DATASET CONTENT:
☆ ☆ ☆ ☆
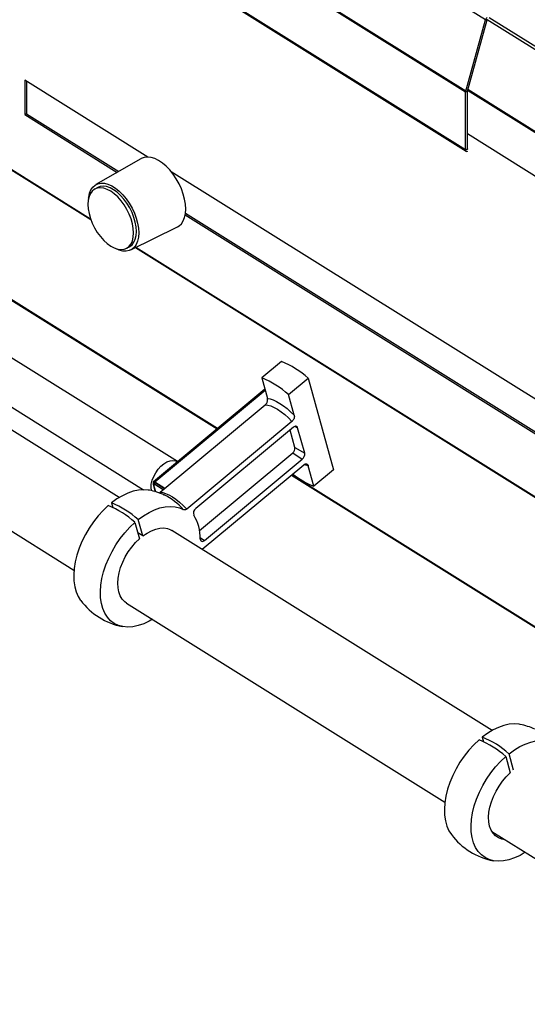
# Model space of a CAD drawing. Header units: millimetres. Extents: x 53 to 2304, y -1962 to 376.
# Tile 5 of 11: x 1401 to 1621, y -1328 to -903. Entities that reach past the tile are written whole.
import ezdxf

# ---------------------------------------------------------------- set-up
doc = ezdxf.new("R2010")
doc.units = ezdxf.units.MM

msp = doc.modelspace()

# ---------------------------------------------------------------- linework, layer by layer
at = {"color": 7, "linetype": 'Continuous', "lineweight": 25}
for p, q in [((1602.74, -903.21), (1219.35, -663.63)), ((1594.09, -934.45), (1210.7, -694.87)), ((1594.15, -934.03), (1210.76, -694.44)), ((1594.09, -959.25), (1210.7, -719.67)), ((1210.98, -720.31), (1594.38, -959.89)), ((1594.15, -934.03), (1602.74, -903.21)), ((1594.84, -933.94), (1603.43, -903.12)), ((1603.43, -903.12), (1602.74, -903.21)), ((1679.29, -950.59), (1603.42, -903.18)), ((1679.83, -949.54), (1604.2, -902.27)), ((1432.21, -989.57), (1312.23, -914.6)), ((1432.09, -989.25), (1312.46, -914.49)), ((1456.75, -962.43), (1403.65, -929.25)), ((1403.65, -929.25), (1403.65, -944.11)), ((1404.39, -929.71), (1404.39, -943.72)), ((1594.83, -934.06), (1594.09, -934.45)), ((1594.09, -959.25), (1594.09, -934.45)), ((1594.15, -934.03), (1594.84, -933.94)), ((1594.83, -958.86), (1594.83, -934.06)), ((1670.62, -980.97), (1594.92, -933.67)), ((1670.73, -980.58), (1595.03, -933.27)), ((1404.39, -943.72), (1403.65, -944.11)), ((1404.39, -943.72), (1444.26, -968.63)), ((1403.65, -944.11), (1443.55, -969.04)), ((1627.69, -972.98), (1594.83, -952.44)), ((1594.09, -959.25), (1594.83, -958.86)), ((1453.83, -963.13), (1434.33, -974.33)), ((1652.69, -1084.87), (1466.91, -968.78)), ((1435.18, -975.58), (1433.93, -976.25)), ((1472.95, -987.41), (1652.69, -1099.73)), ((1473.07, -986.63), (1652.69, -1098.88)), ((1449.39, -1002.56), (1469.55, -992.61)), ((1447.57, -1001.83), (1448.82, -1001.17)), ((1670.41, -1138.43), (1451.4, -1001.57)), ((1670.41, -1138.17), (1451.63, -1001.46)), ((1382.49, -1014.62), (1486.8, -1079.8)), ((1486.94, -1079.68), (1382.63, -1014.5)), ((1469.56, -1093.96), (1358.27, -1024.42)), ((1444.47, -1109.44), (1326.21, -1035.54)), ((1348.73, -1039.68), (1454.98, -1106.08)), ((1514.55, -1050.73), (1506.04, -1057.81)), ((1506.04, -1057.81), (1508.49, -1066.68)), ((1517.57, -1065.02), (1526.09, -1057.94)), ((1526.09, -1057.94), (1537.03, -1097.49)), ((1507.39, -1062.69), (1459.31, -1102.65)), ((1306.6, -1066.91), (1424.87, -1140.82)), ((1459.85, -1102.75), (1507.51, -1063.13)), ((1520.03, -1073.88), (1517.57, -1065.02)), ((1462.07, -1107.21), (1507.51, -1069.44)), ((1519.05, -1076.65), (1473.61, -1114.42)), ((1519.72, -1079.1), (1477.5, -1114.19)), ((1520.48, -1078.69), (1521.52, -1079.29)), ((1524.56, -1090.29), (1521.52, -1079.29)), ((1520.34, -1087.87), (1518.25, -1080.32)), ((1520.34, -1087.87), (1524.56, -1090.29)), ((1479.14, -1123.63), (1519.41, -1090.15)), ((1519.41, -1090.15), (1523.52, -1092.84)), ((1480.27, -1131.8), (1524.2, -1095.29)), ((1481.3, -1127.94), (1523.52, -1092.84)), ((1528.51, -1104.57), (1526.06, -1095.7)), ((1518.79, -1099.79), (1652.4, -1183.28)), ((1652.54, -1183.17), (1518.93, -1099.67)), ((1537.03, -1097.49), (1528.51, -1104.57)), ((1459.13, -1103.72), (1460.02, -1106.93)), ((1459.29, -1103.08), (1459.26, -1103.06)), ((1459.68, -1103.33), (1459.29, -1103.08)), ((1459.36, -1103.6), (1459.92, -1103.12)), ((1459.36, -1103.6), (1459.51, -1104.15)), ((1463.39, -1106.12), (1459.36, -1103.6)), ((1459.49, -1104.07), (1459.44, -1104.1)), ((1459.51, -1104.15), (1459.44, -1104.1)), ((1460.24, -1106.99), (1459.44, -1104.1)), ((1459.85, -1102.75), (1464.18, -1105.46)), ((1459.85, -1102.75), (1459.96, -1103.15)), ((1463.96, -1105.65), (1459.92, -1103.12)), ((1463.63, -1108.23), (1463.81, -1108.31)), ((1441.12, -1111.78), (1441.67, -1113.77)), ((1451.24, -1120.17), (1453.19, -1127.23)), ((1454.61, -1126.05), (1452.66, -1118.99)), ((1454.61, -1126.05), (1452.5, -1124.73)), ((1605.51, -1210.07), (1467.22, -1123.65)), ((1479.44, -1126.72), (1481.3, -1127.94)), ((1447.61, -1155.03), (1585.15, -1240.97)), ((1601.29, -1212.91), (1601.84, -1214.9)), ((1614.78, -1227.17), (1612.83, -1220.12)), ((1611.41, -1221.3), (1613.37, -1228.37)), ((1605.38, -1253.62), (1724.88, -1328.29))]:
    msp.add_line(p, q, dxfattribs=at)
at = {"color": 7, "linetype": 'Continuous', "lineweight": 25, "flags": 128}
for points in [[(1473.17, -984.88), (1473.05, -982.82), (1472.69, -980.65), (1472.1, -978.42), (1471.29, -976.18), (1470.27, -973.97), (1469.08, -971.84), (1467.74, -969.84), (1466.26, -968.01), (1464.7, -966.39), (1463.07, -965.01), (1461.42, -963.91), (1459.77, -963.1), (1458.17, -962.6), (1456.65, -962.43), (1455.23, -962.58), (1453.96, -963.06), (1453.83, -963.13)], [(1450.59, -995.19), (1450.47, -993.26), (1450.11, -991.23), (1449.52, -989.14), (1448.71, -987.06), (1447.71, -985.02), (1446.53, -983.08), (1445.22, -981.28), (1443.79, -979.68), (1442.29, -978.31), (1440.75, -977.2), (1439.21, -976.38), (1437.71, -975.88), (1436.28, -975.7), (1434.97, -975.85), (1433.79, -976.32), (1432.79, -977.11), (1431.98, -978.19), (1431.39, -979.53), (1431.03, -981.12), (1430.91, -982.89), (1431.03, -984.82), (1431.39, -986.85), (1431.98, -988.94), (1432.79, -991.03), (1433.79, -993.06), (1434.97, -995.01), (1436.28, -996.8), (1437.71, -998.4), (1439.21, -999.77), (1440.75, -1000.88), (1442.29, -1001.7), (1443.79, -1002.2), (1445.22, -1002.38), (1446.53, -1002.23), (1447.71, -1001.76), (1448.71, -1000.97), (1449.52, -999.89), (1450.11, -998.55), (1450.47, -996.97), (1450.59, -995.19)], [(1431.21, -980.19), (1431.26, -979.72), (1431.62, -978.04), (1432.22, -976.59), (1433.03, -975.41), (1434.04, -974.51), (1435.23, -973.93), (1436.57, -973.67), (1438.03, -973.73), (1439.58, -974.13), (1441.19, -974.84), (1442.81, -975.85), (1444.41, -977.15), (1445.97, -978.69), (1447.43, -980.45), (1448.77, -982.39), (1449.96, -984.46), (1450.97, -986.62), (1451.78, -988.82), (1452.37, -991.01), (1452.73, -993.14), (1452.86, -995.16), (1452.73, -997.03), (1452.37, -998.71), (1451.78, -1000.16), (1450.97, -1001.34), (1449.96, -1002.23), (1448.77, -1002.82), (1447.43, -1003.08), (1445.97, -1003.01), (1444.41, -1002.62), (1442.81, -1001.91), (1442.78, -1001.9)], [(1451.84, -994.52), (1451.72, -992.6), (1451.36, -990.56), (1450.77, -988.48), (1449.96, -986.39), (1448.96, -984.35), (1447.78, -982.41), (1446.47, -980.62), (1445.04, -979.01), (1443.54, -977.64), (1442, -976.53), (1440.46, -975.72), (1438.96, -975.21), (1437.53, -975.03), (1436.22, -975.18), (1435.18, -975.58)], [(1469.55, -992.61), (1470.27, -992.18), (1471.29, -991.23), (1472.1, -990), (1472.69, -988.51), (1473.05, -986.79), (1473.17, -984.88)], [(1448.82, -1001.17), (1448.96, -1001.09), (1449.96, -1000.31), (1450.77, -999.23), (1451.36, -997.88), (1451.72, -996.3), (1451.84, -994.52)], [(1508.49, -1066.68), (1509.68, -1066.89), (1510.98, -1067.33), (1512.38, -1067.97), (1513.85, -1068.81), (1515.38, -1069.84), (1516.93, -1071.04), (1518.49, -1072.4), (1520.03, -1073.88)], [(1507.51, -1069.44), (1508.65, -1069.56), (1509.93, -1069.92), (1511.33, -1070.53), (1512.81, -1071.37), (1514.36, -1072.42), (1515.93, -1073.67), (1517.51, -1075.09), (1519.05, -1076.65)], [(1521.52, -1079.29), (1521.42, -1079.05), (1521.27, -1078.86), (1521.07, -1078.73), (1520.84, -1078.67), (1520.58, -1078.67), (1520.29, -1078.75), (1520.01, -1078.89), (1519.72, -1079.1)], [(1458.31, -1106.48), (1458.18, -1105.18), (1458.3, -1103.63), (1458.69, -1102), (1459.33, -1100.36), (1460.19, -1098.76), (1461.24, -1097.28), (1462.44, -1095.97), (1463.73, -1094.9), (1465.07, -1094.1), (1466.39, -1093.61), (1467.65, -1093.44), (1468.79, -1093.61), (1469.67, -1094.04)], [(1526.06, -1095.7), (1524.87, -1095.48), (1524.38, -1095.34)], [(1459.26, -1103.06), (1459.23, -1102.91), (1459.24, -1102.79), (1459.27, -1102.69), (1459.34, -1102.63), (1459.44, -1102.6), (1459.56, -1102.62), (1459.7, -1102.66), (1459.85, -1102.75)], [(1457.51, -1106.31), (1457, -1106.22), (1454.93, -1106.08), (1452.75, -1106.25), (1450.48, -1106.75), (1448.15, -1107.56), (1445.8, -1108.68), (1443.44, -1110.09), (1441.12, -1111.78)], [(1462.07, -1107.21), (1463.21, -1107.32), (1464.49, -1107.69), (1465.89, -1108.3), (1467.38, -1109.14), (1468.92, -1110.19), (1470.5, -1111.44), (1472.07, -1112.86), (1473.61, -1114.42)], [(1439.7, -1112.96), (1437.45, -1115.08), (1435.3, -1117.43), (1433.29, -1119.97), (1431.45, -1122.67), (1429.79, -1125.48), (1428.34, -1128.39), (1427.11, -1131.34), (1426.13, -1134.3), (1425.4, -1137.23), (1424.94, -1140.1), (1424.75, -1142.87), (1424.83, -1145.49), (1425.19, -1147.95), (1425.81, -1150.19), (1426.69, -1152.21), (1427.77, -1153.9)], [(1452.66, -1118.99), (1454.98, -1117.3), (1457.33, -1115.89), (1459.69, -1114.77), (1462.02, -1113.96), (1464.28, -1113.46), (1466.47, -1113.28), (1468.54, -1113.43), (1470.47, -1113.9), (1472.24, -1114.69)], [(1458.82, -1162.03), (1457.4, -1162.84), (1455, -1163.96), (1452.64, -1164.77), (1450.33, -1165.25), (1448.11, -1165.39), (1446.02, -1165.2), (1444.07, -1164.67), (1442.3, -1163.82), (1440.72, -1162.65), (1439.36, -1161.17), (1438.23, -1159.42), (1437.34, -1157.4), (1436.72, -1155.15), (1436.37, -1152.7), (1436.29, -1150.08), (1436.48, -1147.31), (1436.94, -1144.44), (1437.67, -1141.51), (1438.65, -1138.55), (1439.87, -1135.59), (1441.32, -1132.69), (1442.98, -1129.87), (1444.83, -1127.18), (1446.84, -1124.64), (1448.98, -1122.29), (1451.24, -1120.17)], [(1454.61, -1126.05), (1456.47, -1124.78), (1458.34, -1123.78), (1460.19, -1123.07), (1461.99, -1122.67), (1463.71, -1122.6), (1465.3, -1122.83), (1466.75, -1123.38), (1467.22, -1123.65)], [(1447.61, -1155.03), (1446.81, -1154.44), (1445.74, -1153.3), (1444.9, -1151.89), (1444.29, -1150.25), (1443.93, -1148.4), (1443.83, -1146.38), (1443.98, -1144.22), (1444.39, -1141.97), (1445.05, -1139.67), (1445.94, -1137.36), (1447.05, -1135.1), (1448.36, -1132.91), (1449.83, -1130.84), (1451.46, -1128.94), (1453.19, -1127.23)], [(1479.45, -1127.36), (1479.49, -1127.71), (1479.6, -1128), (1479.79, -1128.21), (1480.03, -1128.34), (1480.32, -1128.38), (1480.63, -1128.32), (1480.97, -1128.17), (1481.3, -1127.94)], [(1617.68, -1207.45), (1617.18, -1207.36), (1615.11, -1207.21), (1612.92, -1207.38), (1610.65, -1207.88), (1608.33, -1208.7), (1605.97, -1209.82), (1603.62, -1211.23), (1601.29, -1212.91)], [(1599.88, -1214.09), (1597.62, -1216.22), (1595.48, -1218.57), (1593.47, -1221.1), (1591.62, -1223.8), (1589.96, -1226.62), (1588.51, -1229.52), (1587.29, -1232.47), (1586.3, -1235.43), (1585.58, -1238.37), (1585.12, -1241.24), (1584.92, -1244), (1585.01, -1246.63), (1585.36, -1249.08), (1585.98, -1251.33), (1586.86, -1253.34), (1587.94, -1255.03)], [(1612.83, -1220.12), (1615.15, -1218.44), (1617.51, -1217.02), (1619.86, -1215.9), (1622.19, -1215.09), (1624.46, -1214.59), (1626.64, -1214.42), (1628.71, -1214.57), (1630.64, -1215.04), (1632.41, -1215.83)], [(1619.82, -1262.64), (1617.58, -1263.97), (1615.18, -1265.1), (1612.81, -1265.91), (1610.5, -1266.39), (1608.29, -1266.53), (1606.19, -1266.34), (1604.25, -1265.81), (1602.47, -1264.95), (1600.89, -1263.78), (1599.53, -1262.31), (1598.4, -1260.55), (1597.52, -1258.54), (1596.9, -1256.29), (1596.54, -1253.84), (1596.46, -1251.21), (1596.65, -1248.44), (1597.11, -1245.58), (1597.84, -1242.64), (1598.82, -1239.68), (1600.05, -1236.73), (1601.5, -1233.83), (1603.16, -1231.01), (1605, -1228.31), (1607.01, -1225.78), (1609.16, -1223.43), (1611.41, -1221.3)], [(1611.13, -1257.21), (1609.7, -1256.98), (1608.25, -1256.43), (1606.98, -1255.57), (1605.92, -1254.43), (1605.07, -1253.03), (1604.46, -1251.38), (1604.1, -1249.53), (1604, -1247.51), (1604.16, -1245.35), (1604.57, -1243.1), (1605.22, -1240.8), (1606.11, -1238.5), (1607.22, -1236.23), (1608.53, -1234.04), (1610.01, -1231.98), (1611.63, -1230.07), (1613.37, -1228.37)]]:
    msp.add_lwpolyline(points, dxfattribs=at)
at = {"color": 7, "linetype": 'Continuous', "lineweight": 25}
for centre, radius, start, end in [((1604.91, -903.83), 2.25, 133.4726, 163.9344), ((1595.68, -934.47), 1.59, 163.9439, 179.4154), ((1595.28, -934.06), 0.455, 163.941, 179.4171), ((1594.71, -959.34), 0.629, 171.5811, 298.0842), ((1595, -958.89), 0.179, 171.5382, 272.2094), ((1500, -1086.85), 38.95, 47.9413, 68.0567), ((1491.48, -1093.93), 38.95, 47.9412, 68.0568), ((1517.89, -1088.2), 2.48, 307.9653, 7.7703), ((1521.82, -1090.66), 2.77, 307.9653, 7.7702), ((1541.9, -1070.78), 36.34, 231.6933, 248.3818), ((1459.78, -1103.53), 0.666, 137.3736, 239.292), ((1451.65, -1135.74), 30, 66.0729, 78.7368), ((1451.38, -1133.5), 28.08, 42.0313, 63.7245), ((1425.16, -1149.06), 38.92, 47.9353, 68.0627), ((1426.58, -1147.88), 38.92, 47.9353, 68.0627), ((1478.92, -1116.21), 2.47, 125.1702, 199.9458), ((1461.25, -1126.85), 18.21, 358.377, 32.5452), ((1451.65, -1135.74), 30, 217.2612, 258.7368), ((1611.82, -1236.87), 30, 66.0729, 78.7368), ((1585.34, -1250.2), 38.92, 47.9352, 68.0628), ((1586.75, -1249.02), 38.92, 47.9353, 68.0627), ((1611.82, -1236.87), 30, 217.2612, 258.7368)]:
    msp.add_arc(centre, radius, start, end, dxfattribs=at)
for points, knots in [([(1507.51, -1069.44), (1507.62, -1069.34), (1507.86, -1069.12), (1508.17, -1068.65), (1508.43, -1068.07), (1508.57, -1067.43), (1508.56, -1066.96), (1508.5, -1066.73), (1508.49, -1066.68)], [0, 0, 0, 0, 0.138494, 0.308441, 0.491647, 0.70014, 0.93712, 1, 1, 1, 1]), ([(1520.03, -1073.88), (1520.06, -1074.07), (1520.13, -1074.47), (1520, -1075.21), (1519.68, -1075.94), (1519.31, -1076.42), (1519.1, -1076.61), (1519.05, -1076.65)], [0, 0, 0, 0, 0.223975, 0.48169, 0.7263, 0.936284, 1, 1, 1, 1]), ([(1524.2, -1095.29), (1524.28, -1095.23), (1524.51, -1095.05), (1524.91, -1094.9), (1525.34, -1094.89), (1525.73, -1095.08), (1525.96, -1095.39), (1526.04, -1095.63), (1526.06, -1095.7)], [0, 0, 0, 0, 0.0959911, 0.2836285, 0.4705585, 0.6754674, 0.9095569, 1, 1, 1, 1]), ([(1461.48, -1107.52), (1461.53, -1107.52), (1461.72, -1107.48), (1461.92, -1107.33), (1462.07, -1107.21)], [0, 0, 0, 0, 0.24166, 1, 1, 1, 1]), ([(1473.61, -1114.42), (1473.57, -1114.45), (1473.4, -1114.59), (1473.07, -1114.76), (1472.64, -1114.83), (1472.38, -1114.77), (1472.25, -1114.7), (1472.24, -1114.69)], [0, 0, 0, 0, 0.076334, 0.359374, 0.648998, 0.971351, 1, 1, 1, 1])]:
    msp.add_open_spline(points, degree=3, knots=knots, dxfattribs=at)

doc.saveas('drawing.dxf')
☆ ☆ ☆ ☆
WHAT THE TASK ASKS:
Exactly as they appear, transcribe the lines from the top of the material above through the line with "layer by layer". Omit any picture.

TASK OUTPUT:
# Model space of a CAD drawing. Header units: millimetres. Extents: x 53 to 2304, y -1962 to 376.
# Tile 5 of 11: x 1401 to 1621, y -1328 to -903. Entities that reach past the tile are written whole.
import ezdxf

# ---------------------------------------------------------------- set-up
doc = ezdxf.new("R2010")
doc.units = ezdxf.units.MM

msp = doc.modelspace()

# ---------------------------------------------------------------- linework, layer by layer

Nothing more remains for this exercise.